Czar 500 plus to coś znacznie więcej niż pieniądze. To trzy w jednym: więcej pieniędzy, więcej godności i więcej skutecz­ności. W 500 plus jest ukryta podwójna redystrybucja docho­dów. Zasilenie portfeli jest relatywnie tym większe, im niższe zarobki i niższe ceny panują w miejscu zamieszkania, czyli na wsiach i w małych miastach. Powyżej granicy głodu bieda jest zawsze relatywna i skutkuje uczuciem poniżenia, kie­dy się patrzy na zamożniejszych. Redystrybucja dochodów oznacza więc zawsze redystrybucję godności, przynajmniej w tym podstawowym wymiarze. PiS od dawna zajmuje się redystrybucją godności na poziomie propagandy (ma być zaprzeczeniem „pedagogiki wstydu”), a 500 plus jest tylko jej uzupełnieniem, które podnosi wiarygod­ność tego przekazu.

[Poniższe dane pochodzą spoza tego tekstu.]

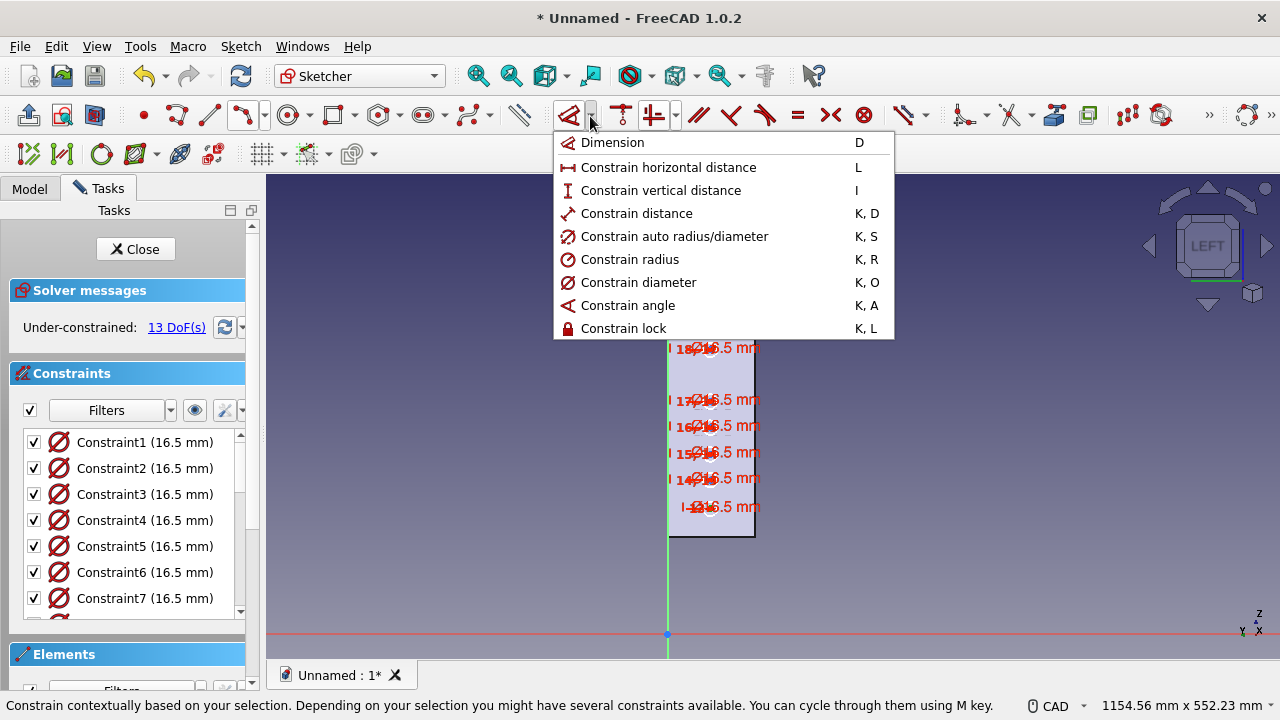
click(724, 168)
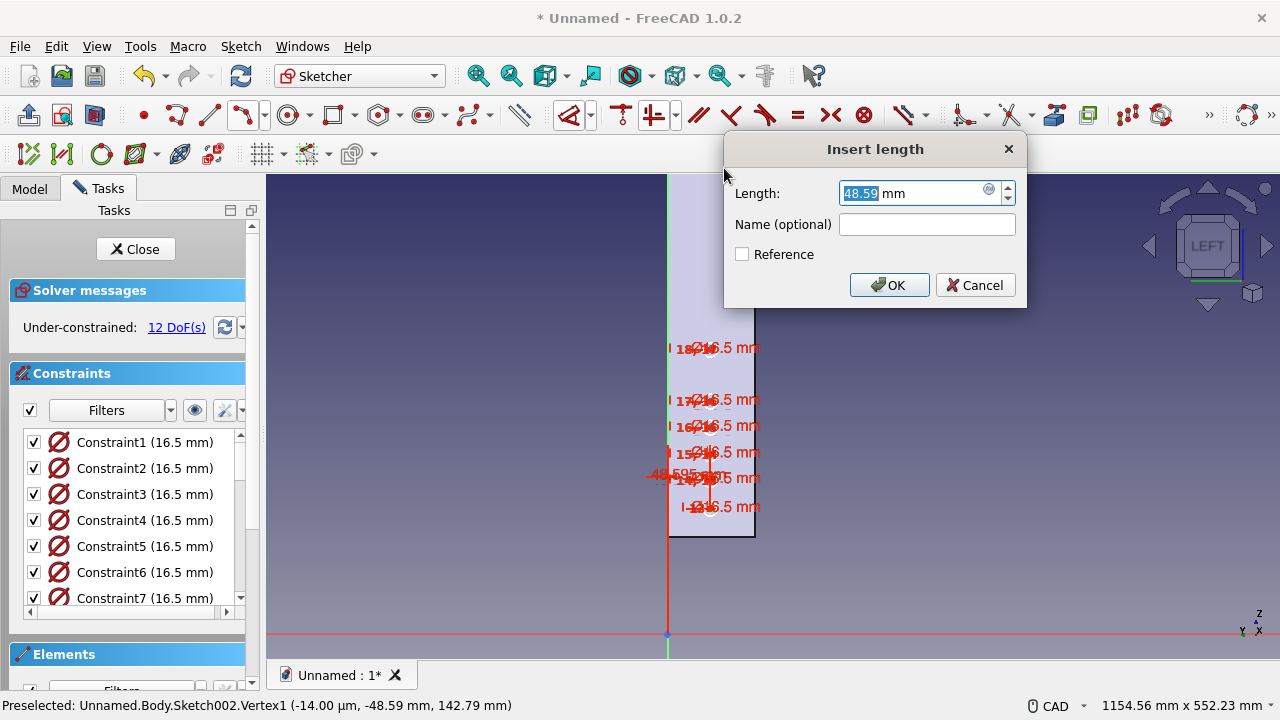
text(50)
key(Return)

   Różnica między bardziej wyrafinowa­ną polityką społeczną, jaką prowadził na przykład Władysław Kosiniak-Kamysz, a 500 plus polega właśnie na tym, że tę drugą w odróżnieniu od pierwszej widać we własnym poczuciu godności. Budowa żłobków i przedszkoli albo Karta Dużej Rodziny nie działają tak samo jak 500 plus, a budowa domów seniora nie działa tak jak trzynasta emerytura. Nawet gdyby dawały większe korzyści, a tak mówią eksperci od polityki społecznej.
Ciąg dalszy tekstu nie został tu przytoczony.